Recently Issued or Newly Adopted Accounting Standards
Following are summaries of recently issued accounting pronouncements that have either been
recently adopted or that may become applicable to the preparation of our consolidated financial
statements in the future.
In September 2006, the FASB issued SFAS No. 157, ‘‘Fair Value Measurements’’ (‘‘SFAS 157’’).
This Standard defines fair value, establishes a framework for measuring fair value in generally
accepted accounting principles and expands disclosures about fair value measurements. SFAS 157
is effective for fiscal years beginning after November 15, 2007 for financial assets and liabilities, as
well as for any other assets and liabilities that are carried at fair value on a recurring basis in
financial statements. In November 2007, the FASB provided a one year deferral for the
implementation of SFAS 157 for other nonfinancial assets and liabilities. The Company adopted the
provisions of SFAS 157 for financial assets and liabilities effective at the beginning of fiscal year
2008. The provisions of SFAS 157 had no impact on our financial statements. We do not anticipate
that the adoption of SFAS 157 for non-financial assets and liabilities will have a material impact on
our financial condition, results of operations or cash flows.

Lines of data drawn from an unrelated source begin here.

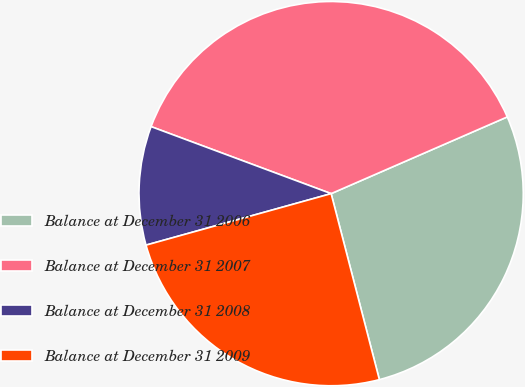Convert chart to OTSL. <chart><loc_0><loc_0><loc_500><loc_500><pie_chart><fcel>Balance at December 31 2006<fcel>Balance at December 31 2007<fcel>Balance at December 31 2008<fcel>Balance at December 31 2009<nl><fcel>27.5%<fcel>37.79%<fcel>9.99%<fcel>24.72%<nl></chart> 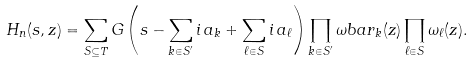Convert formula to latex. <formula><loc_0><loc_0><loc_500><loc_500>H _ { n } ( s , z ) = \sum _ { S \subseteq T } G \left ( s - \sum _ { k \in S ^ { \prime } } i \, a _ { k } + \sum _ { \ell \in S } i \, a _ { \ell } \right ) \prod _ { k \in S ^ { \prime } } \omega b a r _ { k } ( z ) \prod _ { \ell \in S } \omega _ { \ell } ( z ) .</formula> 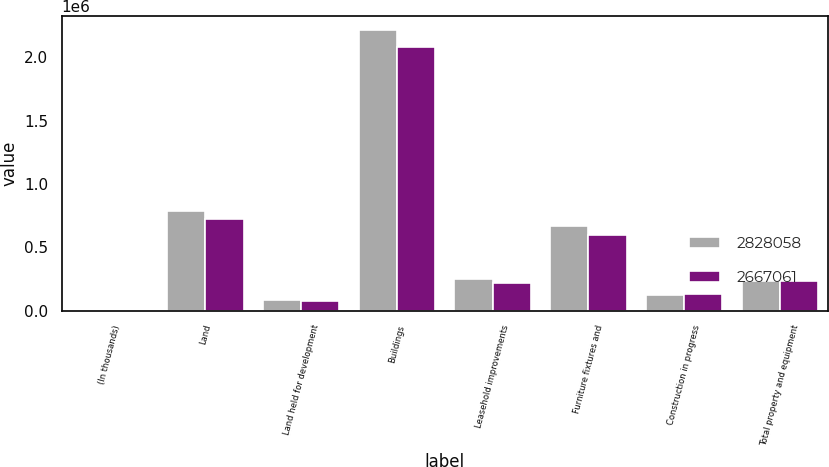Convert chart. <chart><loc_0><loc_0><loc_500><loc_500><stacked_bar_chart><ecel><fcel>(In thousands)<fcel>Land<fcel>Land held for development<fcel>Buildings<fcel>Leasehold improvements<fcel>Furniture fixtures and<fcel>Construction in progress<fcel>Total property and equipment<nl><fcel>2.82806e+06<fcel>2019<fcel>789125<fcel>81100<fcel>2.21193e+06<fcel>247121<fcel>671166<fcel>125010<fcel>231118<nl><fcel>2.66706e+06<fcel>2018<fcel>722173<fcel>77145<fcel>2.08178e+06<fcel>215114<fcel>600739<fcel>134354<fcel>231118<nl></chart>

In February 2007, the FASB issued SFAS No. 159, ‘‘The Fair Value Option for Financial Assets
and Financial Liabilities—including an amendment of SFAS 115’’ (‘‘SFAS 159’’). SFAS 159 allows
entities to choose, at specific election dates, to measure eligible financial assets and liabilities at fair
value that are not otherwise required to be measured at fair value. If a company elects the fair value
option for an eligible item, changes in that item’s fair value in subsequent reporting periods must be
recognized in current earnings. The Company did not elect to adopt the fair value option provided
under SFAS 159.
In December 2007, the FASB issued SFAS No. 141R, ‘‘Business Combinations’’

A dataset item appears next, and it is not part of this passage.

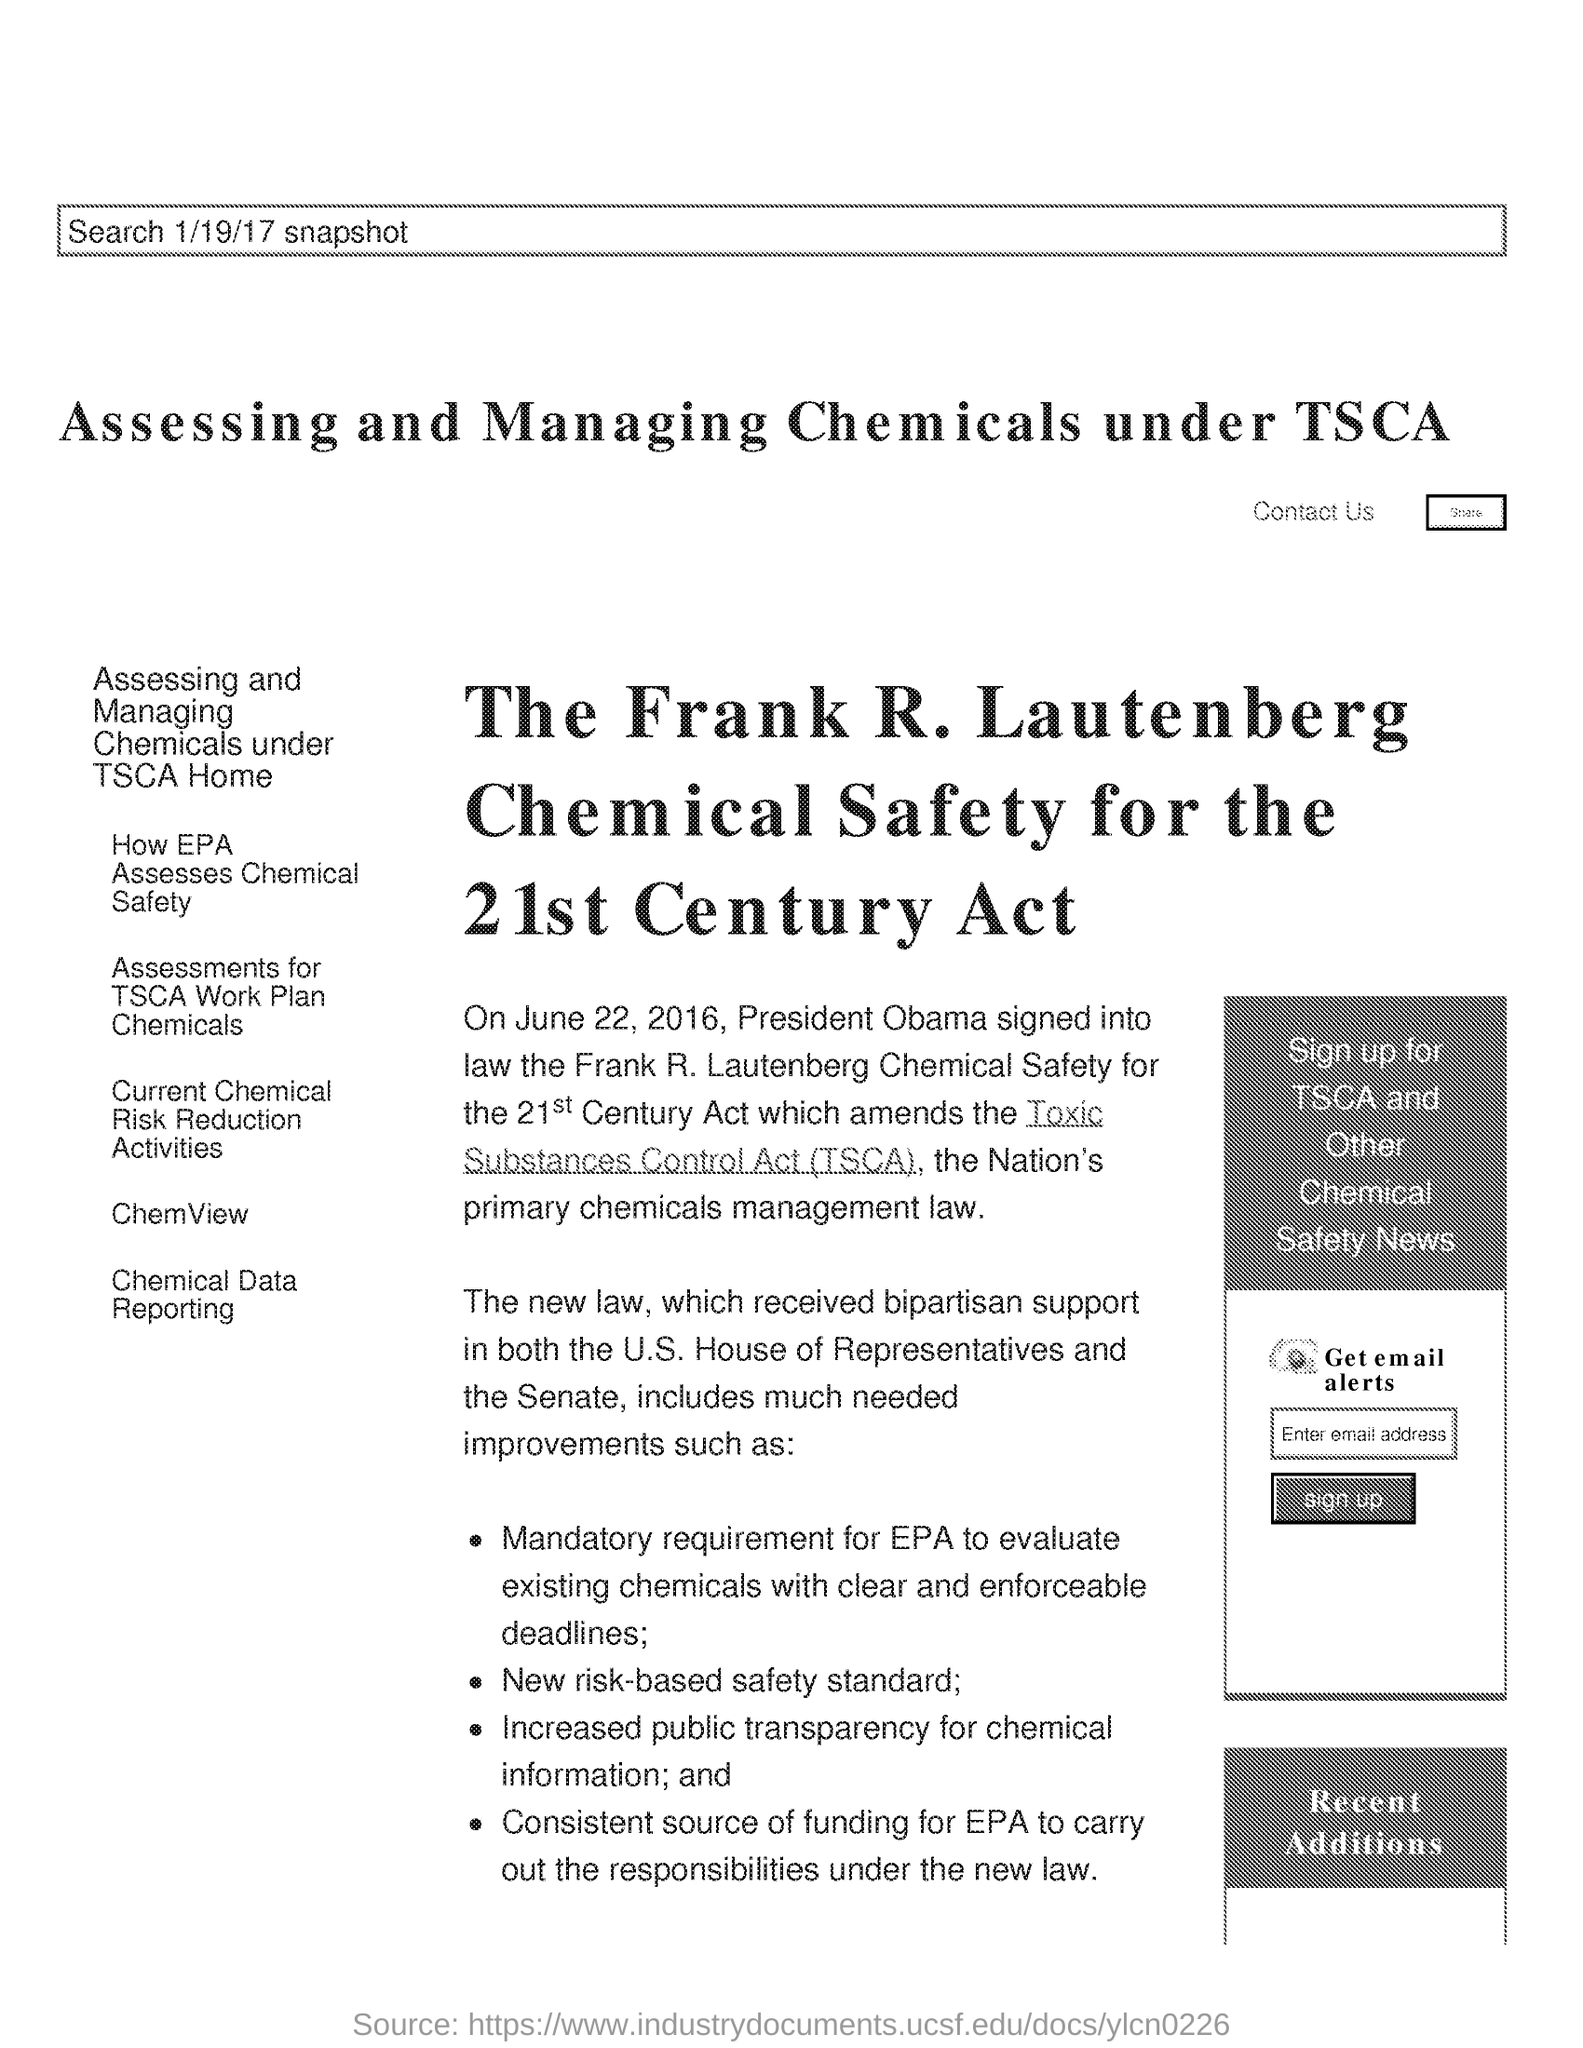Identify some key points in this picture. The Toxic Substances Control Act (TSCA) is a federal law that regulates the production, use, and disposal of toxic substances in the United States. I, President Obama, have signed the Frank R. Launtenberg Chemical Safety for 21st Century Act into law. The mandatory requirement for the Environmental Protection Agency (EPA) was to evaluate existing chemicals with clear and enforceable deadlines for evaluation. On June 22, 2016, President Obama amended the Toxic Substances Control Act (TSCA).

(‘‘SFAS 141R’’). This statement amends SFAS 141 and provides revised guidance for recognizing
and measuring assets acquired and liabilities assumed in a business combination. This statement
also requires that transaction costs in a business combination be expensed as incurred. SFAS 141R
applies prospectively to business combinations for which the acquisition date is on or after the
beginning of the first annual reporting period beginning on or after December 15, 2008. SFAS 141R
will impact the accounting for business combinations completed on or after December 28, 2008.
In December 2007, the FASB issued SFAS No. 160, ‘‘Noncontrolling Interests in Consolidated
Financial Statements’’ (‘‘SFAS 160’’). This statement requires noncontrolling interests (previously
referred to as minority interests) to be treated as a separate component of equity, not as a liability
or other item outside of permanent equity. SFAS 160 applies to the accounting for noncontrolling
interests and transactions with noncontrolling interest holders in consolidated financial statements
and is effective for periods beginning on or after December 15, 2008. Earlier application is
prohibited. SFAS 160 will be applied prospectively to all noncontrolling interests, including those
that arose before the effective date, except that comparative prior period information must be recast
to classify noncontrolling interests in equity and provide other disclosures required by SFAS 160.
The Company anticipates that adoption of SFAS 160 will affect the presentation of certain elements
of the Company’s financial statements, but these changes in presentation will not have a material
impact on our financial statements.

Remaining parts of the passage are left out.